Translate (tradução)

sexta-feira, dezembro 01, 2017

MEMÓRIAS DO IMEL

IMEL, 1994
 
Ao entrar para o IMEL, em 1994 (testes realizados no ano anterior) eu encontrava-me mais roto do que vestido e mais descalço do que calçado. Concomitantemente,  mais faminto do que alimentado. Quando não era "arroz com qualquer coisa" podia ser um "chefé com pão burro ou nada", como podia ser uma ngongwenya. Porém, era portador de bases académicas (tinha estudado no Libolo, numa sociedade ainda sem vícios nem corrupção) das mais sólidas do que muitos dos que, de soslaio, me/nos olhavam com desdém.
Vivia no gueto. Com os colegas do gueto convivia. Os da cidade eram doutros grupos estratificados de acordo as posses, zona de residência e escolas frequentadas. Estes, pareciam arrotar leite bife e bacalhau. Não podendo universalizar, havia, porém, entre os da cidade alguns "camaradas" (raparigas e rapazes) como o L. Pedrada que estavam entre os do gueto e os da cidade, davam-se com todos como mandam os bons ensinamentos. 
 
Como vinha a contar, no fim do ano lectivo, tinha saído a pauta  do II Semestre. Parecia que todos choravam ou pelo menos tinham vontade disso: uns de alegria pelos resultados conseguidos. Outros com cara de quem esperava por represálias ao chegar a casa ou quando os progenitores/tutores se apercebessem da fraca produtividade. Quando fazia as minhas anotações sobre onde devia melhorar no ano seguinte, eis que surgiu ao meu lado uma adolescente.
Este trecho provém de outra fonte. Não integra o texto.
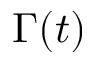Convert formula to latex. <formula><loc_0><loc_0><loc_500><loc_500>\Gamma ( t )</formula>

Alta, magra,  morena e linda que apresentou um falar curto e altivo:
- Então tens muitas rubras?
(Confesso. Ainda não constava do meu dicionário a cor rubra. Só a pensar nas palavras da mocita me dei conta que podia ser vermelha. Chegado à casa, tive mesmo de tirar dúvidas com o mestre mudo).
Nem olhou para mim e foi-se embora. Fiquei a contemplar a sua alegria que não era melhor do que a minha. Entre negativas (votadas para 10) e recursos, eu somava zero.
 
Essa jovem veio a ser minha colega da 11ª classe, Turma A-JL e no estágio feito na LAC, em 1997, sendo ela a autora do nome do programa que realizámos "Dicas da Cidade".
 
Já naquele tempo, 1994/6, soube que havia alunos cujo castigo, caso reprovassem, era passar férias na África do Sul.
- Se eu passar de primeira irei passar férias em Londres. Se for a recurso o meu pai deixa-me em Lisboa. - Gabava-se o rapaz perante quem conhecia a South apenas pelo mapa mundi.
Quem me dera! - Dizíamos os do gueto.